Today is the most degrading day of the year if you are a groundhog.
Once again, humans are holding you responsible for predicting the environment.
At my house, we have a dirt basement with a trapdoor, where we keep an extensive collection of junk like old grills, a sun lamp, summer sports equipment including golf clubs, Wiffle balls, bats, and even the scuba equipment I use to sit on the bottom of the pool during impeachment trials or when I generally can’t stand people anymore.
I try to live in harmony with the universe.
Last summer, a groundhog moved in under our house. We lived in harmony. It would watch us play Wiffle ball as it ate our garden-fresh vegetables.
But just imagine what it must be like to be a groundhog this year, after a human pandemic and knowing half of all humans don’t believe in climate change?
I wouldn’t come out either.
But this year I need spring more than ever. So, this morning, before I even made breakfast for myself, I made a salad from fresh vegetables with nice cherry tomatoes and delivered it just outside of the hole under my house.
But then the empathy set in. It is a dirt basement after all. The groundhog is probably set up down there with its little gas mask on, only taking it off when it has to exchange the scuba tanks.
He is probably down there with the sun lamp on, sitting in my lawn chair with a wife and two kids waiting for the Super Bowl.
What if he has given up on global warming, too?
He probably doesn’t want to be an animal anymore. My guess is you could bring in Noah’s ark and the groundhog would probably blow it off.

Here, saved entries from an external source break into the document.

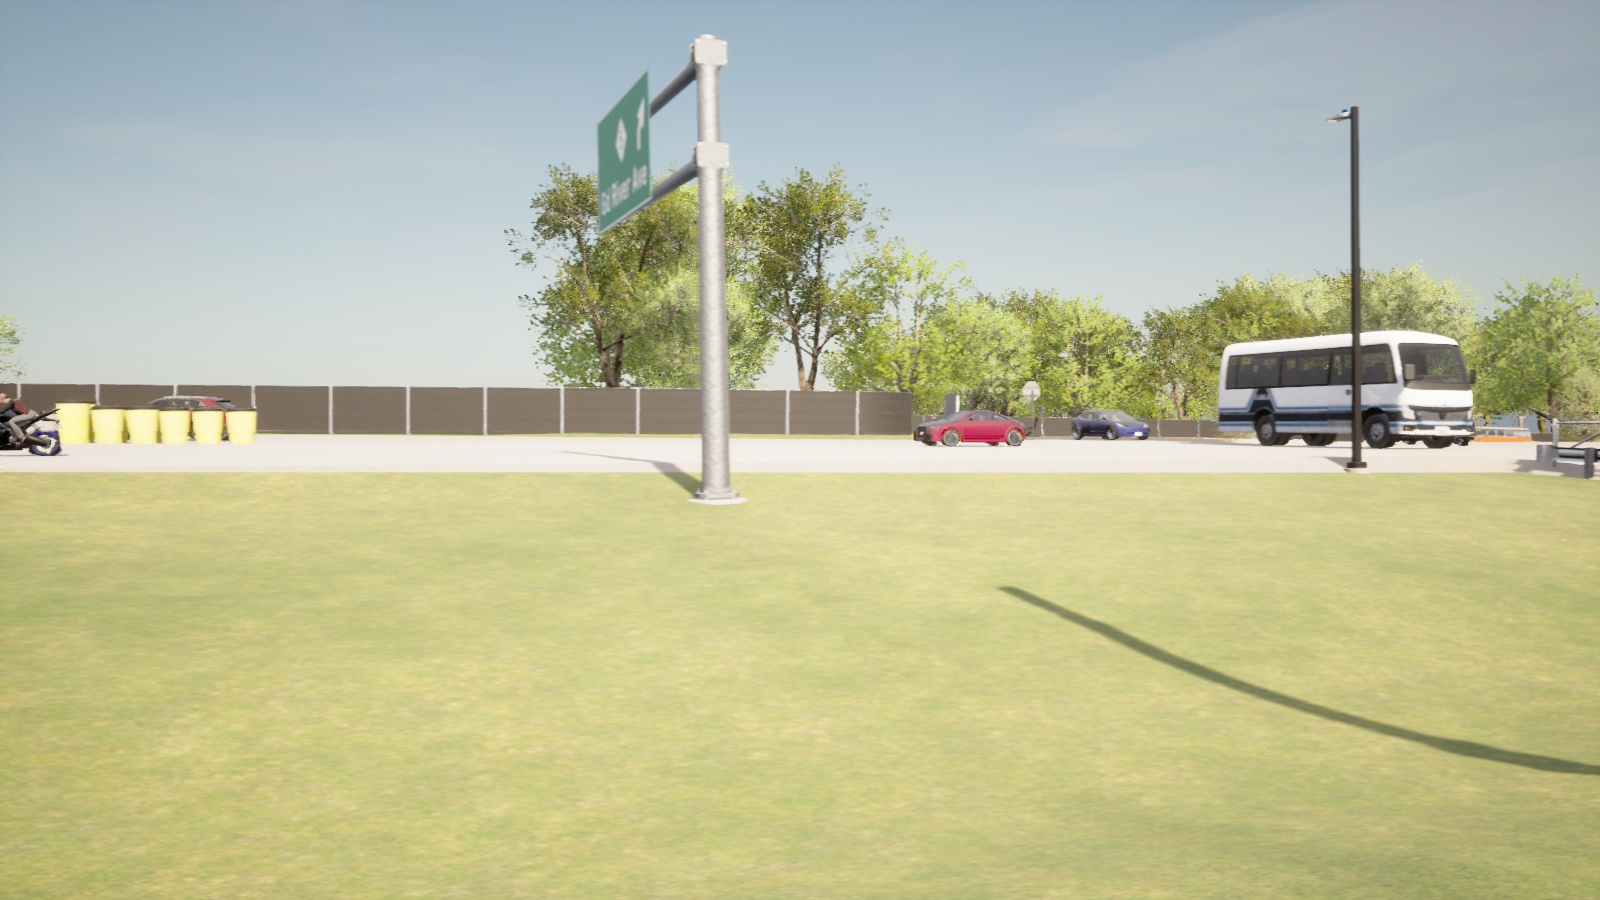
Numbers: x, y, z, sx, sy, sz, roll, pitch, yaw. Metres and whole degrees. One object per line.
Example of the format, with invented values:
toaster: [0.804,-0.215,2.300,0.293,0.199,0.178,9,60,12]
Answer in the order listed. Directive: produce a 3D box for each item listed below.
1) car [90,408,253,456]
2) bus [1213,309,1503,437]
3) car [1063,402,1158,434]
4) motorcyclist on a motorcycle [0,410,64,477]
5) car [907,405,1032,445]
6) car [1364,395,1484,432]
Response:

What if over the entire earth not a single groundhog comes out this year? Not to spread conspiracy theories, but that would raise concerns that they may be talking to each other. They may be smarter than we think.

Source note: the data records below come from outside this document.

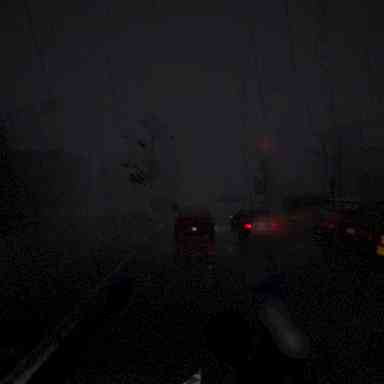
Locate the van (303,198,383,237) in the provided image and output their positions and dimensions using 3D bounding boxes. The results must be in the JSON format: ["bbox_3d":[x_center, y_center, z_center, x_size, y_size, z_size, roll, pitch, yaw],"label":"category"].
[{"bbox_3d":[7.969,1.281,16.125,4.442,1.987,1.878,1,0,-20],"label":"van"}]

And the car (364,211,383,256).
[{"bbox_3d":[8.247,1.497,10.268,5.366,1.575,1.946,1,0,-20],"label":"car"}]

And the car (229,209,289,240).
[{"bbox_3d":[3.105,1.567,17.201,2.033,1.411,5.357,0,0,0],"label":"car"}]

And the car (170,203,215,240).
[{"bbox_3d":[0.104,1.497,16.996,1.882,1.535,5.008,0,-1,0],"label":"car"}]

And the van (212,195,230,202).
[{"bbox_3d":[7.991,1.855,92.235,4.442,1.987,1.878,1,-1,-20],"label":"van"}]

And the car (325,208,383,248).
[{"bbox_3d":[8.100,1.533,13.198,4.792,1.488,2.163,1,0,-20],"label":"car"}]

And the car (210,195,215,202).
[{"bbox_3d":[8.127,1.882,89.307,4.553,1.767,2.185,1,-1,-20],"label":"car"}]

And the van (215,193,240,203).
[{"bbox_3d":[7.984,1.326,71.394,4.442,1.987,1.878,1,-1,-20],"label":"van"}]

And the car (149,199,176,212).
[{"bbox_3d":[-3.518,1.594,40.267,2.128,1.511,4.902,0,-1,-32],"label":"car"}]

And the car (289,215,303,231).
[{"bbox_3d":[7.903,1.509,19.084,5.366,1.575,1.946,1,0,-20],"label":"car"}]
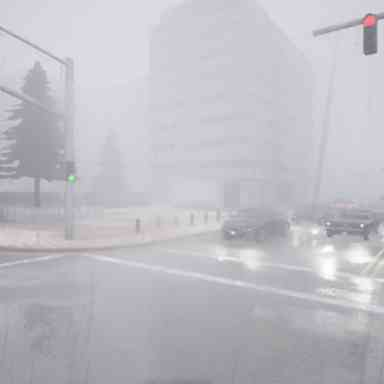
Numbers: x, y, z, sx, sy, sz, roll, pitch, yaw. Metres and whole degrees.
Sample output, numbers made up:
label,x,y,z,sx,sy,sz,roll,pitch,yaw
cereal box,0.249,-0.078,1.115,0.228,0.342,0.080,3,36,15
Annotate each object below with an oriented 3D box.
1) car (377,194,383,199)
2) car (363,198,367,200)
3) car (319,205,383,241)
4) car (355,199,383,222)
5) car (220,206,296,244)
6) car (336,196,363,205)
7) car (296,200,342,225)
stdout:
label,x,y,z,sx,sy,sz,roll,pitch,yaw
car,19.701,1.208,32.808,2.150,2.045,5.566,0,0,36
car,20.490,1.498,39.846,1.812,1.442,4.674,0,0,37
car,8.284,1.587,17.056,1.895,1.301,4.718,0,0,36
car,13.529,1.512,24.298,1.812,1.442,4.674,0,0,36
car,3.130,1.476,15.899,1.837,1.490,4.892,0,0,36
car,14.433,1.324,31.532,2.097,1.767,4.553,0,0,36
car,8.836,1.519,23.795,2.033,1.411,5.357,0,0,36
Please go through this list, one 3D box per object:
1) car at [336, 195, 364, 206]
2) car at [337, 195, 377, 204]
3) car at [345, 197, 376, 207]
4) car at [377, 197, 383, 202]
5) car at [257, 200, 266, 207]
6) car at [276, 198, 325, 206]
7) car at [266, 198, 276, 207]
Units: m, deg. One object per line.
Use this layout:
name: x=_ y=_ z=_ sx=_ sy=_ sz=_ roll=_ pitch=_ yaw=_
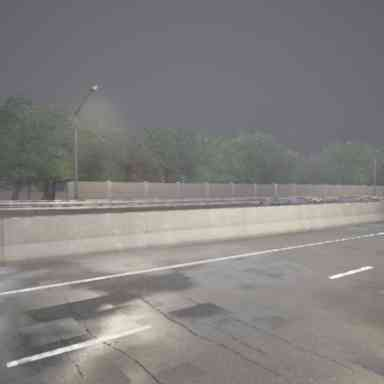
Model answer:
car: x=24.513 y=1.274 z=51.536 sx=4.892 sy=1.490 sz=1.837 roll=0 pitch=0 yaw=-35
car: x=15.573 y=1.360 z=32.269 sx=4.892 sy=1.490 sz=1.837 roll=0 pitch=0 yaw=-35
car: x=23.686 y=1.386 z=46.663 sx=4.718 sy=1.301 sz=1.895 roll=0 pitch=0 yaw=-35
car: x=26.166 y=1.289 z=44.128 sx=4.892 sy=1.490 sz=1.837 roll=0 pitch=0 yaw=-35
car: x=9.980 y=1.417 z=41.172 sx=4.181 sy=1.385 sz=1.994 roll=0 pitch=0 yaw=-35
car: x=11.273 y=1.416 z=33.504 sx=5.357 sy=1.411 sz=2.033 roll=0 pitch=0 yaw=-35
car: x=10.922 y=1.460 z=37.547 sx=4.718 sy=1.301 sz=1.895 roll=0 pitch=0 yaw=-35
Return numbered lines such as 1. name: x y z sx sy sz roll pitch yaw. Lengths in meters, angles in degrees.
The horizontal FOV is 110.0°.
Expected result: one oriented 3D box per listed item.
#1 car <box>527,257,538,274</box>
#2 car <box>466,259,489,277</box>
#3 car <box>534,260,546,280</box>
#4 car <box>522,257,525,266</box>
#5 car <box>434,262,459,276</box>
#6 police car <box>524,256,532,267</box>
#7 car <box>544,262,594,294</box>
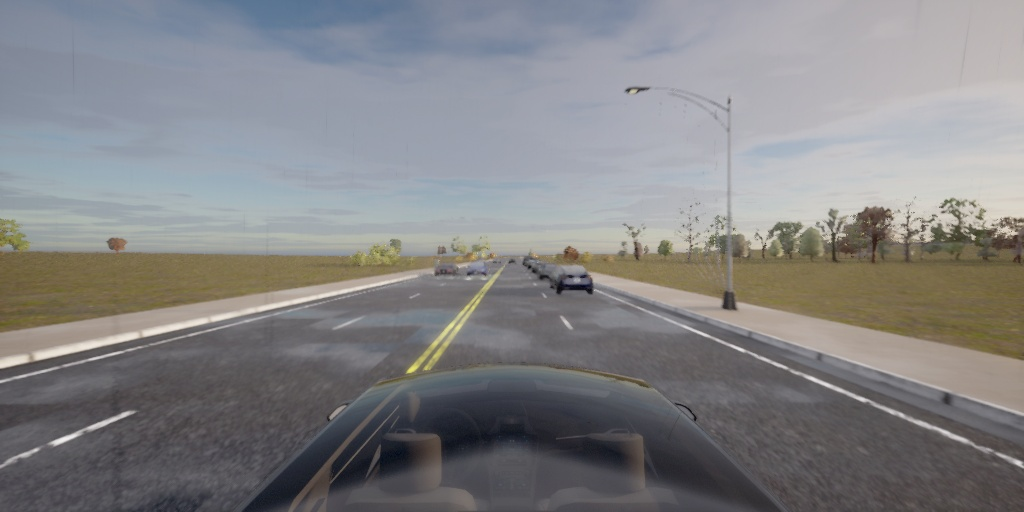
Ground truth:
1. car: 3.265 1.242 42.224 2.128 1.511 4.902 0 0 0
2. car: -3.314 1.276 35.195 1.812 1.442 4.674 0 0 0
3. car: 3.262 1.315 31.214 1.994 1.385 4.181 0 0 0
4. car: 3.275 1.247 64.214 1.837 1.490 4.892 0 0 0
5. car: -6.559 1.316 36.394 1.994 1.385 4.181 0 0 0
6. police car: 3.271 1.174 53.324 1.930 1.638 5.238 0 0 0
7. car: 3.258 1.255 20.244 2.163 1.488 4.792 0 0 0
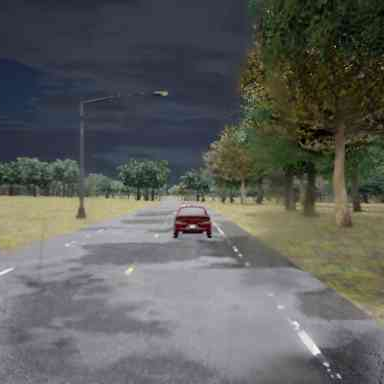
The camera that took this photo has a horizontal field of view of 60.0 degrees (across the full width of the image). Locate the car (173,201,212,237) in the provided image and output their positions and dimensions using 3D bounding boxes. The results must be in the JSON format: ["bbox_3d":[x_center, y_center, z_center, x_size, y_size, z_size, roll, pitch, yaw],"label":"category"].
[{"bbox_3d":[0.010,1.491,18.232,1.882,1.535,5.008,0,0,0],"label":"car"}]

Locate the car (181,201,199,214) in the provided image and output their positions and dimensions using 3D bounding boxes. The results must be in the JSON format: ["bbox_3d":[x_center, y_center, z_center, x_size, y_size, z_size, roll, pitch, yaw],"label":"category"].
[{"bbox_3d":[-0.247,1.698,37.247,1.895,1.301,4.718,0,0,-1],"label":"car"}]
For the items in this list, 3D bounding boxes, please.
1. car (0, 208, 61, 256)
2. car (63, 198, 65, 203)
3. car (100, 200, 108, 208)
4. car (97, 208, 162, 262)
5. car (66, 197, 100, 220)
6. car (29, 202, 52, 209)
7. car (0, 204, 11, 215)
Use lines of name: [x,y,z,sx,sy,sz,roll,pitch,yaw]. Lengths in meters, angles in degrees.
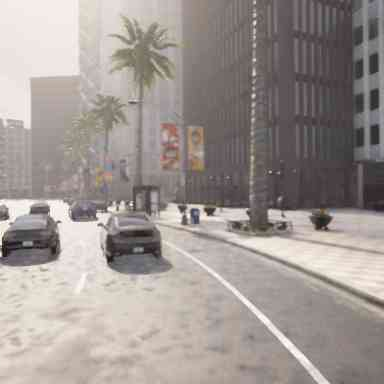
car: [-6.469,1.639,13.702,1.812,1.442,4.674,-1,0,-20]
car: [-32.997,2.134,88.079,2.161,1.482,4.786,-1,0,-25]
car: [-11.741,1.726,41.386,2.231,1.521,4.892,-1,0,-25]
car: [-2.428,1.565,12.623,1.837,1.490,4.892,0,0,-18]
car: [-10.284,1.554,31.073,2.097,1.767,4.553,-1,0,-25]
car: [-15.462,1.778,33.972,1.837,1.490,4.892,-1,0,-25]
car: [-18.070,1.832,31.046,1.812,1.442,4.674,-1,0,-25]
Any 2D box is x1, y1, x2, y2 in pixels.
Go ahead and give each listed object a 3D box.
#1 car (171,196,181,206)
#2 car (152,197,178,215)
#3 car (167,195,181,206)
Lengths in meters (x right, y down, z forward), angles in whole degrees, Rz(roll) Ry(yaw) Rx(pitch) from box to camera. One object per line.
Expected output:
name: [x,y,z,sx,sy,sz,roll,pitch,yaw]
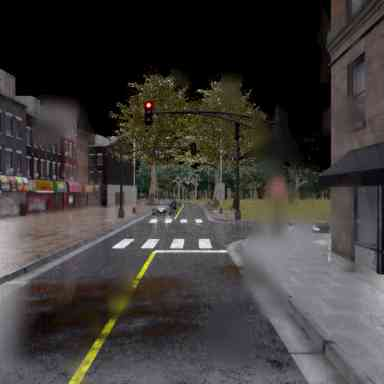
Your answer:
car: [-2.945,1.614,44.568,2.033,1.411,5.357,0,0,0]
car: [-2.919,1.529,34.090,2.128,1.511,4.902,0,0,0]
car: [-2.988,1.451,56.562,2.097,1.767,4.553,0,0,0]

I can handle this! Genetics taught me about the end of the road. I know about stuff like this. I’m related to Jim Bowie. He died in the Alamo.

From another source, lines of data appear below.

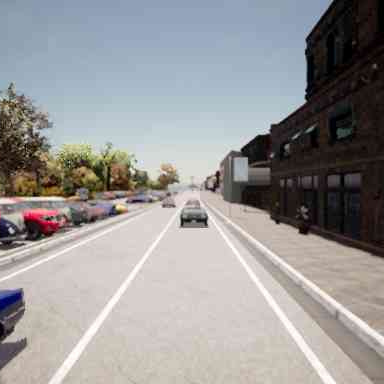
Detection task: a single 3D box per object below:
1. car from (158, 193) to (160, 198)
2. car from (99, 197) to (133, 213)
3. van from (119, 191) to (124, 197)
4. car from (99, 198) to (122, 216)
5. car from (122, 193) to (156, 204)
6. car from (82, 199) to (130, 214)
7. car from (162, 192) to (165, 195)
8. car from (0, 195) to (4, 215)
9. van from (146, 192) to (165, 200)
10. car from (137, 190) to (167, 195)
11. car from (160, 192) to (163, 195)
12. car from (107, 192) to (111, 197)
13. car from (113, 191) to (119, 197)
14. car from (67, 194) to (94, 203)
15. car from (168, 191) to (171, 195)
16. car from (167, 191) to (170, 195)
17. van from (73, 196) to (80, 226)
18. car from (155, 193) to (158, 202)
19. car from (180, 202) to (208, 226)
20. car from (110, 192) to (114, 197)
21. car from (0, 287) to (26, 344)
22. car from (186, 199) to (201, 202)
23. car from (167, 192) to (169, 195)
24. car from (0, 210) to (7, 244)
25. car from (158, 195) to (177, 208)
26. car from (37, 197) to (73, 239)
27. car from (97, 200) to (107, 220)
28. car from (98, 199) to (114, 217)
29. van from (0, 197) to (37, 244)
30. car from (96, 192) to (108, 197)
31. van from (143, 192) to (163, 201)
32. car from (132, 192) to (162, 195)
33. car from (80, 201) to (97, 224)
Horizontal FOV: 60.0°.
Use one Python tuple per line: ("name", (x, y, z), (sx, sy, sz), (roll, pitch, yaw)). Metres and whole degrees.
("car", (-9.280, 1.383, 65.015), (4.674, 1.452, 2.002), (0, 0, 0))
("car", (-9.070, 1.535, 33.386), (5.366, 1.575, 1.946), (0, 0, 0))
("van", (-21.540, 1.005, 90.502), (4.442, 1.987, 1.878), (0, 1, 0))
("car", (-9.298, 1.566, 30.604), (4.792, 1.488, 2.163), (0, 0, 0))
("car", (-9.349, 1.381, 59.363), (4.792, 1.488, 2.163), (0, 0, 0))
("car", (-9.258, 1.579, 36.028), (4.674, 1.452, 2.002), (-1, 0, 1))
("car", (-9.219, 1.330, 73.492), (5.008, 1.535, 2.097), (0, 0, 0))
("car", (-22.364, 1.286, 33.453), (5.566, 2.045, 2.435), (0, 0, 0))
("van", (-9.246, 1.084, 84.675), (4.442, 1.987, 1.878), (0, 0, 0))
("car", (-9.164, 1.075, 76.318), (5.566, 2.045, 2.435), (0, 0, 0))
("car", (-9.230, 1.334, 70.667), (5.008, 1.535, 2.097), (0, 0, 0))
("car", (-21.741, 1.355, 76.244), (4.792, 1.488, 2.163), (0, 0, 0))
("car", (-21.699, 1.065, 81.891), (5.566, 2.045, 2.435), (0, 0, 0))
("car", (-21.825, 1.217, 65.074), (4.553, 1.767, 2.185), (0, 0, 0))
("car", (-9.059, 1.177, 93.292), (5.008, 1.535, 2.097), (0, 1, 0))
("car", (-9.083, 1.271, 90.468), (4.674, 1.452, 2.002), (0, 1, 0))
("van", (-9.207, 1.307, 19.346), (4.442, 1.987, 1.878), (0, 0, 0))
("car", (-9.301, 1.388, 62.190), (4.674, 1.452, 2.002), (0, 0, 0))
("car", (0.132, 1.605, 23.650), (1.895, 1.301, 4.718), (0, 0, 0))
("car", (-21.719, 1.350, 79.068), (4.792, 1.488, 2.163), (0, 0, 0))
("car", (-3.347, 1.603, 2.601), (1.895, 1.301, 4.718), (0, 0, 0))
("car", (0.156, 1.560, 42.161), (1.994, 1.385, 4.181), (0, 0, 0))
("car", (-9.110, 1.320, 87.634), (4.674, 1.452, 2.002), (0, 1, 0))
("car", (-9.357, 1.530, 11.121), (4.892, 1.521, 2.231), (0, 0, 0))
("car", (-3.269, 1.517, 46.959), (1.812, 1.442, 4.674), (0, 0, 0))
("car", (-9.308, 1.280, 16.687), (5.566, 2.045, 2.435), (0, 0, 0))
("car", (-9.267, 1.564, 25.037), (4.792, 1.488, 2.163), (0, 0, 0))
("car", (-9.285, 1.576, 27.820), (4.674, 1.452, 2.002), (0, 0, 0))
("van", (-9.233, 1.304, 13.904), (4.442, 1.987, 1.878), (0, 0, 0))
("car", (-21.798, 1.330, 73.546), (4.892, 1.521, 2.231), (0, 0, 0))
("van", (-9.288, 1.096, 79.144), (4.442, 1.987, 1.878), (0, 0, 0))
("car", (-9.442, 1.336, 67.842), (5.366, 1.575, 1.946), (0, 0, 0))
("car", (-9.303, 1.535, 22.254), (4.892, 1.521, 2.231), (0, 0, 0))

I am going to get a bottle of my best wine, three wine glasses, a couple of juice glasses for the little ones, and knock on the trap door.
We should be thankful that even though the theaters are closed we still have an alternative opportunity for “the willing suspension of disbelief.”
But what kind of alternative is it? Is it traditional tragedy? Is it comedy? Is it maybe the return of the satyr play — the last play in a Greek tragic cycle that featured all forms of bestiaries like farting and gross sex jokes to send the crowd off to the exits laughing?
This new form of theater doesn’t need a gathered audience. It can be dispensed through the endless dark web, Twitter and other social media, supplemented by Fox and MSNBC.
It’s brilliant. We all watch it. We can’t take our eyes off of it. It has merged “reality TV” with “enlightened self-interest,” but it doesn’t quite work.
It’s not Oedipus Rex: A former president meets democracy at the cross roads and brags the Statue of Liberty loves to be goosed.
It certainly is not like Julius Caesar either, where the Senate rises up to save the republic from a tyrant.
Wait one minute — what if it’s for a new kind of audience?
What does this new kind of theater provide?
It’s not just surround sound, it’s surround reality. Can’t get much better than that. Who needs those big crowded noisy theaters when you can keep your headset on and go to your own bathroom?
Regrettably, this new kind of theater may not be good for traditional theater. In traditional theater, the producers fight for money to put up their shows and maybe one out of five return a profit to investors. But with the recent “Trump Bump,” polarization is making everybody money, including MSNBC and Fox News.
This new audience is happiest when it is angry at somebody else because that’s what keeps the political parties flush with money and the audience shoveling more and more into campaigns, congressional healthcare, and retirement.
If you don’t know who is running the Republican Party, don’t ask — just watch the impeachment proceedings. But please don’t expect an answer, because right now I’m not sure if the Republican Party knows.
The only thing for sure is that the audience will be “hangry” — hungry for anger — the perfect couch potato entertainment.
After the Super Bowl and maybe “60 Minutes,” I’m sure they will let the lions out of the Colosseum and we can watch Rome burn.
It is a satyr play and we may be the actors, not the audience, but we are still free… to leave laughing.